DESCRIPTION OF THE TASK:
Write the records out again, unchanged.

AVAILABLE RECORDS:
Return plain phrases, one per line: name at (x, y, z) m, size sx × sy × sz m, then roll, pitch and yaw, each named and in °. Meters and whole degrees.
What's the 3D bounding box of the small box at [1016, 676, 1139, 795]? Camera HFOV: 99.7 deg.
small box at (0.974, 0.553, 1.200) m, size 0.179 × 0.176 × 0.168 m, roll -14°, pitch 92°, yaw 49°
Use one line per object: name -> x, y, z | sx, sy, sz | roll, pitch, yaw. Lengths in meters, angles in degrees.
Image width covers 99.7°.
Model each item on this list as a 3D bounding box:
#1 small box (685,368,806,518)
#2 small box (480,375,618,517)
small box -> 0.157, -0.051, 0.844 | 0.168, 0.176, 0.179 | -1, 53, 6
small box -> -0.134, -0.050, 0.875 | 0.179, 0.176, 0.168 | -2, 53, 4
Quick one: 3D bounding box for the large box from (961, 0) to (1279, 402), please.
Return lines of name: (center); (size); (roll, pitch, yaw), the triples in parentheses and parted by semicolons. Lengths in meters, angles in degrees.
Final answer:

EXERCISE OUTPUT:
Return plain phrases, one per line: name at (x, y, z) m, size sx × sy × sz m, then roll, pitch and yaw, each named and in °. Meters and whole degrees.
What's the 3D bounding box of the small box at [1016, 676, 1139, 795]? Camera HFOV: 99.7 deg.
small box at (0.974, 0.553, 1.200) m, size 0.179 × 0.176 × 0.168 m, roll -14°, pitch 92°, yaw 49°
Use one line per object: name -> x, y, z | sx, sy, sz | roll, pitch, yaw. Lengths in meters, angles in degrees.
Image width covers 99.7°.
Model each item on this list as a 3D bounding box:
#1 small box (685,368,806,518)
#2 small box (480,375,618,517)
small box -> 0.157, -0.051, 0.844 | 0.168, 0.176, 0.179 | -1, 53, 6
small box -> -0.134, -0.050, 0.875 | 0.179, 0.176, 0.168 | -2, 53, 4
Quick one: 3D bounding box for the large box from (961, 0) to (1279, 402), please.
Return lines of name: (center); (size); (roll, pitch, yaw), the triples in parentheses and parted by semicolons. Lengths in meters, angles in degrees.
Final answer:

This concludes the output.